Daniel Green is still hobbled by the severe viral infection that struck him in March and left him coughing up blood.
Three months ago, the 28-year-old postdoctoral research associate from Newcastle, United Kingdom, was on the road with friends in a band as they toured venues in the French Alps.
He came down with Covid-19 symptoms, and like many coronavirus patients, spent weeks in bed.
Unlike other people, however, Green’s life hasn’t returned to normal.
“Since then it’s been on and off with extreme tiredness and fatigue,” he said.
Every day he has brain fog, difficulty concentrating and problems with short-term memory that make reading, writing and speaking harder.
“Breathing has been very difficult,” he said. “I don’t feel like I have my full breath capacity. If I go for a walk for one minute, I’ll be really exhausted.”
The profound mark the disease has made on Green’s life isn’t uncommon.
“About 80% are going to experience a mild or asymptomatic version of Covid.

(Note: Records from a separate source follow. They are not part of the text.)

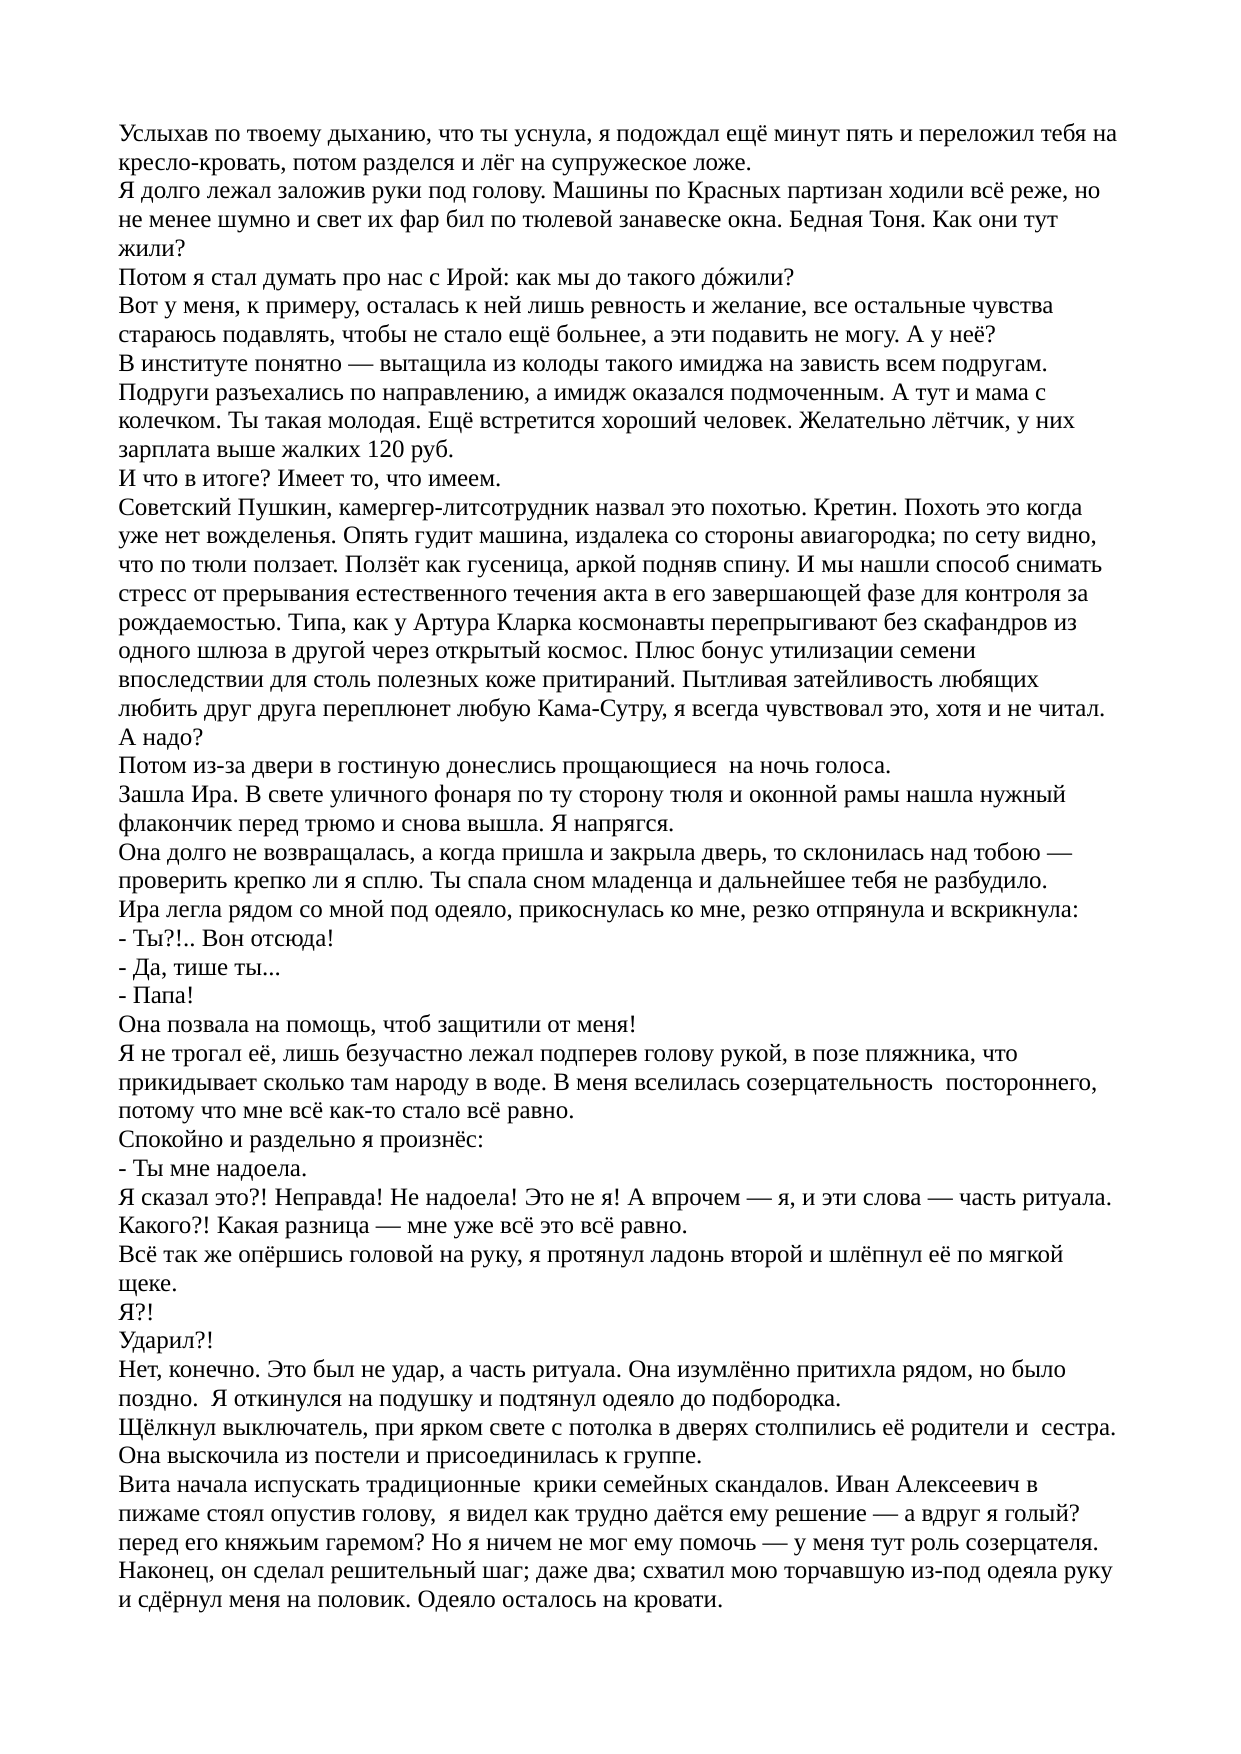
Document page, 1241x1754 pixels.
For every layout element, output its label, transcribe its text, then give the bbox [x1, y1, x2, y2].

text Ударил?! [118, 1326, 1122, 1354]
text Всё так же опёршись головой на руку, я протянул ладонь второй и шлёпнул её по мягкой щеке. [118, 1239, 1122, 1297]
text - Ты мне надоела. [118, 1153, 1122, 1182]
text - Папа! [118, 981, 1122, 1009]
text Щёлкнул выключатель, при ярком свете с потолка в дверях столпились её родители и сестра. Она выскочила из постели и присоединилась к группе. [118, 1412, 1122, 1469]
text Наконец, он сделал решительный шаг; даже два; схватил мою торчавшую из-под одеяла руку и сдёрнул меня на половик. Одеяло осталось на кровати. [118, 1556, 1122, 1613]
text Спокойно и раздельно я произнёс: [118, 1124, 1122, 1153]
text Она долго не возвращалась, а когда пришла и закрыла дверь, то склонилась над тобою — проверить крепко ли я сплю. Ты спала сном младенца и дальнейшее тебя не разбудило. [118, 837, 1122, 894]
text Потом из-за двери в гостиную донеслись прощающиеся на ночь голоса. [118, 751, 1122, 779]
text Я долго лежал заложив руки под голову. Машины по Красных партизан ходили всё реже, но не менее шумно и свет их фар бил по тюлевой занавеске окна. Бедная Тоня. Как они тут жили? [118, 176, 1122, 262]
text Советский Пушкин, камергер-литсотрудник назвал это похотью. Кретин. Похоть это когда уже нет вожделенья. Опять гудит машина, издалека со стороны авиагородка; по сету видно, что по тюли ползает. Ползёт как гусеница, аркой подняв спину. И мы нашли способ снимать стресс от прерывания естественного течения акта в его завершающей фазе для контроля за рождаемостью. Типа, как у Артура Кларка космонавты перепрыгивают без скафандров из одного шлюза в другой через открытый космос. Плюс бонус утилизации семени впоследствии для столь полезных коже притираний. Пытливая затейливость любящих любить друг друга переплюнет любую Кама-Сутру, я всегда чувствовал это, хотя и не читал. А надо? [118, 492, 1122, 751]
text - Да, тише ты... [118, 952, 1122, 981]
text Вита начала испускать традиционные крики семейных скандалов. Иван Алексеевич в пижаме стоял опустив голову, я видел как трудно даётся ему решение — а вдруг я голый? перед его княжьим гаремом? Но я ничем не мог ему помочь — у меня тут роль созерцателя. [118, 1469, 1122, 1556]
text Нет, конечно. Это был не удар, а часть ритуала. Она изумлённо притихла рядом, но было поздно. Я откинулся на подушку и подтянул одеяло до подбородка. [118, 1354, 1122, 1412]
text - Ты?!.. Вон отсюда! [118, 923, 1122, 952]
text Ира легла рядом со мной под одеяло, прикоснулась ко мне, резко отпрянула и вскрикнула: [118, 894, 1122, 923]
text Я?! [118, 1297, 1122, 1326]
text Потом я стал думать про нас с Ирой: как мы до такого дóжили? [118, 262, 1122, 291]
text Я не трогал её, лишь безучастно лежал подперев голову рукой, в позе пляжника, что прикидывает сколько там народу в воде. В меня вселилась созерцательность постороннего, потому что мне всё как-то стало всё равно. [118, 1038, 1122, 1124]
text И что в итоге? Имеет то, что имеем. [118, 463, 1122, 492]
text Я сказал это?! Неправда! Не надоела! Это не я! А впрочем — я, и эти слова — часть ритуала. Какого?! Какая разница — мне уже всё это всё равно. [118, 1182, 1122, 1239]
text Она позвала на помощь, чтоб защитили от меня! [118, 1009, 1122, 1038]
text Зашла Ира. В свете уличного фонаря по ту сторону тюля и оконной рамы нашла нужный флакончик перед трюмо и снова вышла. Я напрягся. [118, 779, 1122, 837]
text В институте понятно — вытащила из колоды такого имиджа на зависть всем подругам. Подруги разъехались по направлению, а имидж оказался подмоченным. А тут и мама с колечком. Ты такая молодая. Ещё встретится хороший человек. Желательно лётчик, у них зарплата выше жалких 120 руб. [118, 348, 1122, 463]
text Вот у меня, к примеру, осталась к ней лишь ревность и желание, все остальные чувства стараюсь подавлять, чтобы не стало ещё больнее, а эти подавить не могу. А у неё? [118, 291, 1122, 348]
text Услыхав по твоему дыханию, что ты уснула, я подождал ещё минут пять и переложил тебя на кресло-кровать, потом разделся и лёг на супружеское ложе. [118, 118, 1122, 176]

It’s the other 20% that we’re worried about,” said Dr. Luis Ostrosky-Zeichner, a professor of medicine at the University of Texas McGovern Medical School.
“One out of five patients are going to get a severe form of the disease.”
Some young people are not getting better: As case counts among young people rise, Green and others in their 20s want to share stories of the wreckage Covid-19 has wrought in their lives.
Those patients can potentially experience permanent lung damage, including scarring and reduced lower respiratory capacity.
“The thing that we don’t yet fully appreciate is what happens when you get infected, and you get serious disease, and you recover?” said Dr. Anthony Fauci, the director of the National Institute of Allergy and Infectious Diseases, at the BIO International Convention in June.
“We don’t know the extent of full recovery or partial recovery, so there’s a lot we need to learn,” he said.
Young people, who are less likely to die from coronavirus than their grandparents, are an important target of those lessons.
Whether they contracted the virus among the snow-capped peaks of the Alps or in the heart of the outbreak in New York City’s borough of Queens, some 20-somethings are getting sick from Covid-19. And staying sick.
Their stories are a warning from millennials to millennials: Don’t play the odds with coronavirus because this disease could permanently damage your body.